Introducing Agent Kit: Storage Workflows for AI Agents
@tigrisdata/agent-kit
is a new TypeScript SDK for the storage workflows AI agents actually need. Four
primitives — forks, workspaces, checkpoints, coordination — each with a
teardown that cleans up credentials and storage. No dangling keys, no
half-provisioned state.
Tigris already gives you the primitives: buckets, scoped access keys, snapshots, object notifications. Agent Kit composes them into the four workflows that every agent system ends up rebuilding from scratch.
The gap between object storage and agent workflows
Object storage is low-level on purpose. A bucket is a namespace for keys. Put an object, get an object, list keys under a prefix. That surface is the right level when you're building a CDN or a backup system. It's the wrong level when you're building agents, where the requests sound like:
- "Give me a writable copy of the training set. If the agent messes it up, throw it away."

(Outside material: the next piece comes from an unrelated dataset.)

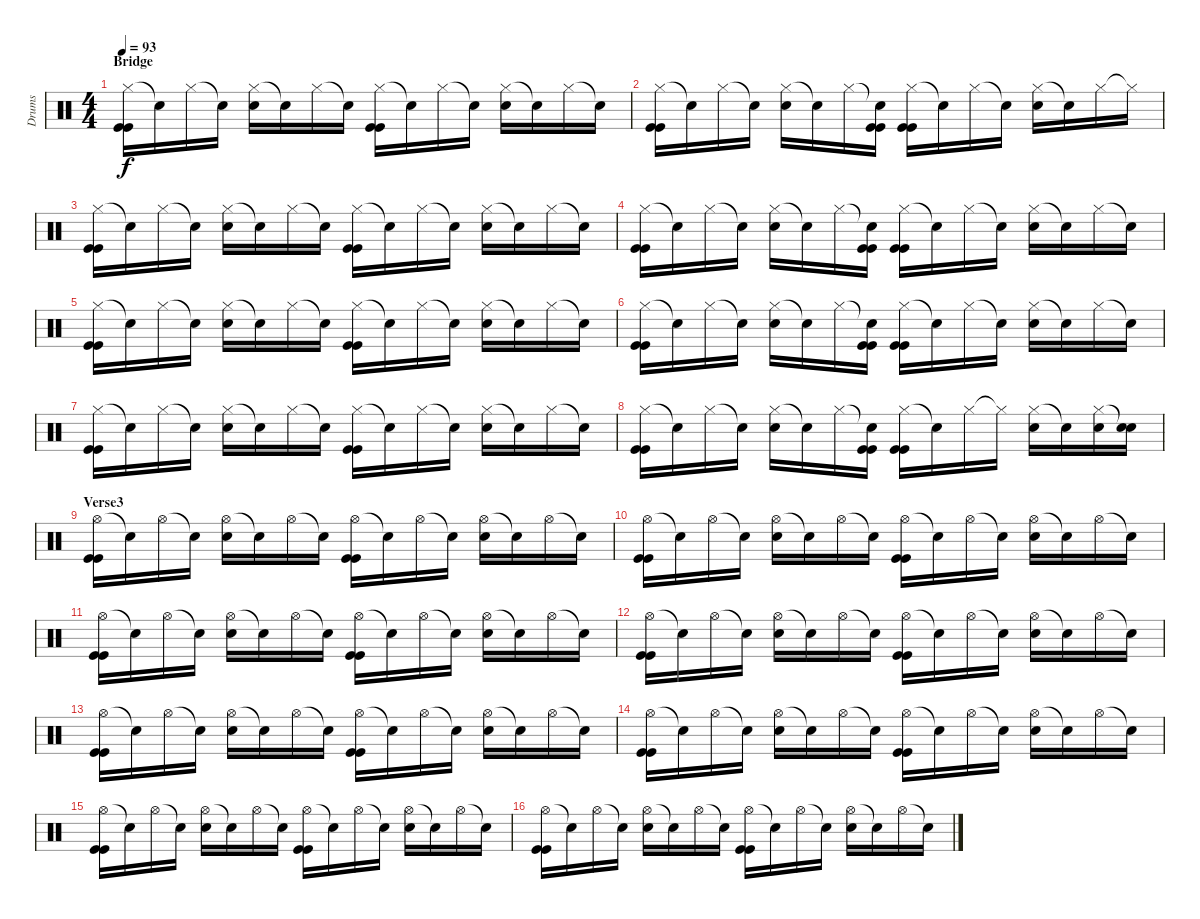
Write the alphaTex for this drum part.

- "Spin up a scratch bucket I can write into. Delete it in 24 hours."
- "Mark the state of this bucket right now so I can come back to it."
- "When someone else finishes writing to
stage-1/, wake me up."
Each is three to five API calls against @tigrisdata/storage and
@tigrisdata/iam. For fifty parallel agents, that's a lot of code to get right.
The failures are mundane: forgotten access keys, unset TTLs, scratch buckets
that quietly bill for a year.
Agent Kit is our answer to that gap. Four primitives that match how agent systems are actually structured, each one composed from the underlying storage and IAM APIs you already have.
The four primitives
Each primitive composes a few storage and IAM calls into one function with a matching teardown.
Forks: give every agent its own copy of a dataset
Forks are copy-on-write clones of a bucket. Create a fork, and you get a new bucket that shares the underlying data with the source but diverges the moment either side writes. Fifty forks don't cost fifty times the storage. They cost one times the storage plus whatever the forks produce.
The source bucket needs snapshots enabled. For new buckets, use
createWorkspace({ enableSnapshots: true }) or
tigris buckets create --enable-snapshots. Checkpoints have the same
requirement.
Doing this by hand is one snapshot of the source plus two calls per fork —
create a bucket from the snapshot, mint a scoped access key — and a matching set
of revoke-and-delete calls when you're done. For fifty agents, that's over a
hundred API calls against @tigrisdata/storage and @tigrisdata/iam, each with
its own error path you have to wire together. Agent Kit still makes those calls
under the hood — it just composes them, so you write one function instead of the
orchestration around it:
import { createForks, teardownForks } from "@tigrisdata/agent-kit";
const { data: forkSet, error } = await createForks("training-data", 50, {
credentials: { role: "Editor" },
});
if (error) throw error;
// 50 forks, 50 scoped access keys, one snapshot. Go.
await Promise.all(
forkSet.forks.map((fork) => {
// IAM mint can fail silently per-fork — skip any fork without a key.
if (!fork.credentials) return;
return runAgent(fork);
})
);
// One function tears down every fork bucket and revokes its credentials.
await teardownForks(forkSet);
Pass credentials: { role: "Editor" } or "ReadOnly" and Agent Kit mints one
IAM key per fork, scoped to that fork bucket only. A leaked key scopes the blast
radius to one agent, not the whole dataset.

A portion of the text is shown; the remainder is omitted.